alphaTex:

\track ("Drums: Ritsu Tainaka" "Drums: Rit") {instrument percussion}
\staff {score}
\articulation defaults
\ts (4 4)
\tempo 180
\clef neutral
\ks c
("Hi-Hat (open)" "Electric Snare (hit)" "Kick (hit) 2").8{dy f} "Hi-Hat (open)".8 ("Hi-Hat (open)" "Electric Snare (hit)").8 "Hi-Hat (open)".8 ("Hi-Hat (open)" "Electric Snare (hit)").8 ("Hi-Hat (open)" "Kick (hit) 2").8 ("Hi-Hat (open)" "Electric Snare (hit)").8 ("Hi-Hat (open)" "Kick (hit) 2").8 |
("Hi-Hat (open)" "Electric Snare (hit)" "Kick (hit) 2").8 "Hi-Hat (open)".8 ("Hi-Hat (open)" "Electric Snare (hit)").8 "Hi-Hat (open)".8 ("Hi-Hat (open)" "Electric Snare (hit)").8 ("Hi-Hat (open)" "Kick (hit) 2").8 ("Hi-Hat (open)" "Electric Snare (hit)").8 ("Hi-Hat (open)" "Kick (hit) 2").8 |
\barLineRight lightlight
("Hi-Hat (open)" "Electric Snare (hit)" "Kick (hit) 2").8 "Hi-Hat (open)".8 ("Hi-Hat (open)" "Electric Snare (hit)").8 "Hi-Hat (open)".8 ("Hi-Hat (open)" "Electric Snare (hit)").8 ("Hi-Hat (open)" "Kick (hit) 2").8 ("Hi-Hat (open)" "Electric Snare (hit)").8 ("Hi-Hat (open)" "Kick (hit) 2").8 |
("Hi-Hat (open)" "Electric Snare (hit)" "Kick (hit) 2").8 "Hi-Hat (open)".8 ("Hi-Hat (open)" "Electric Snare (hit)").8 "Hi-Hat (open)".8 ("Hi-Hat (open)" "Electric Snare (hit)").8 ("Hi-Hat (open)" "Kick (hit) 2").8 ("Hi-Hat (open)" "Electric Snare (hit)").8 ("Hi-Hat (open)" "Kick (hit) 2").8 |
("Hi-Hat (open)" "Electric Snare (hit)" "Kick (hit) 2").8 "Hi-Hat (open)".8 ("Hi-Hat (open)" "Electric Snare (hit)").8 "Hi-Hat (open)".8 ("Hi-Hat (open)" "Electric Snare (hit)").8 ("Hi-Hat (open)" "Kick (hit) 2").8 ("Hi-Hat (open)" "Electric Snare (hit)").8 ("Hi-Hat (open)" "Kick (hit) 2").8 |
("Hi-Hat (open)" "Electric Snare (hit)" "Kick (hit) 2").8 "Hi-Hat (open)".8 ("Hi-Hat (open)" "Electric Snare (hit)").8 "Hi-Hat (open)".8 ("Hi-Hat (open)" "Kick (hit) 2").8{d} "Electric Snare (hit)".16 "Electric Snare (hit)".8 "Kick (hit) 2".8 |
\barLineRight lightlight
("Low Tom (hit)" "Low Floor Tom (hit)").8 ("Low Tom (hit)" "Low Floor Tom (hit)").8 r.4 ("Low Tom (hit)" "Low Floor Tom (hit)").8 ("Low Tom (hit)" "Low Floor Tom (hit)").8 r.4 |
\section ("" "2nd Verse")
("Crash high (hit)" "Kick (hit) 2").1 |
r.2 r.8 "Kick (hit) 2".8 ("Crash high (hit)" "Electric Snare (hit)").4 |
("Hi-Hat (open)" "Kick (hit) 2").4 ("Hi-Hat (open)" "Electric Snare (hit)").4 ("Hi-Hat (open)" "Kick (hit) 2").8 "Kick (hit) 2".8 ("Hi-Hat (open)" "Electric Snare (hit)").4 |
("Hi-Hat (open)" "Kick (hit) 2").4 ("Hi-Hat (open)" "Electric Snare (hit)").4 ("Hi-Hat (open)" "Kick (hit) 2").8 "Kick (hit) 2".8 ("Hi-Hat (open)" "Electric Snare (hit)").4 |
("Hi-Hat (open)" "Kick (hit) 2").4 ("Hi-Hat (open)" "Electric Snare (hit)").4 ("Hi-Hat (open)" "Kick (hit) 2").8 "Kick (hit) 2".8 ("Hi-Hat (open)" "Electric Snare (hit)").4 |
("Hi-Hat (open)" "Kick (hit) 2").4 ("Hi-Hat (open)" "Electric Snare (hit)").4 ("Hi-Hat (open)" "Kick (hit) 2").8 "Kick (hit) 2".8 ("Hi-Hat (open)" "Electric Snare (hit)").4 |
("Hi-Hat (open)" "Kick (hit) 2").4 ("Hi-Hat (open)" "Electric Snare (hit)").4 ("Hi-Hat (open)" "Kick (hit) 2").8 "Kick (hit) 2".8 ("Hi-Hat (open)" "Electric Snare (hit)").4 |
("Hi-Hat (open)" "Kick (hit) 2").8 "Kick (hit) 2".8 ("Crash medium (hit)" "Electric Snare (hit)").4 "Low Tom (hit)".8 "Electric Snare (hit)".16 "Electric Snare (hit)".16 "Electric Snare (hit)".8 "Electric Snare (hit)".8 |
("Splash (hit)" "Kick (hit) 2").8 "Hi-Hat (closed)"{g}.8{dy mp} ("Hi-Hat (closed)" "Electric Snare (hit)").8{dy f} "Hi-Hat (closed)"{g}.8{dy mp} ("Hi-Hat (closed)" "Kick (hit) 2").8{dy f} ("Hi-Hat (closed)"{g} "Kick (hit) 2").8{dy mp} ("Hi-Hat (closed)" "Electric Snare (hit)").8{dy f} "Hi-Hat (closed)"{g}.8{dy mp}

#####

## What to work on
The word "high" appears in some lines above. Return every one of those lines.

## Written solution
("Crash high (hit)" "Kick (hit) 2").1 |
r.2 r.8 "Kick (hit) 2".8 ("Crash high (hit)" "Electric Snare (hit)").4 |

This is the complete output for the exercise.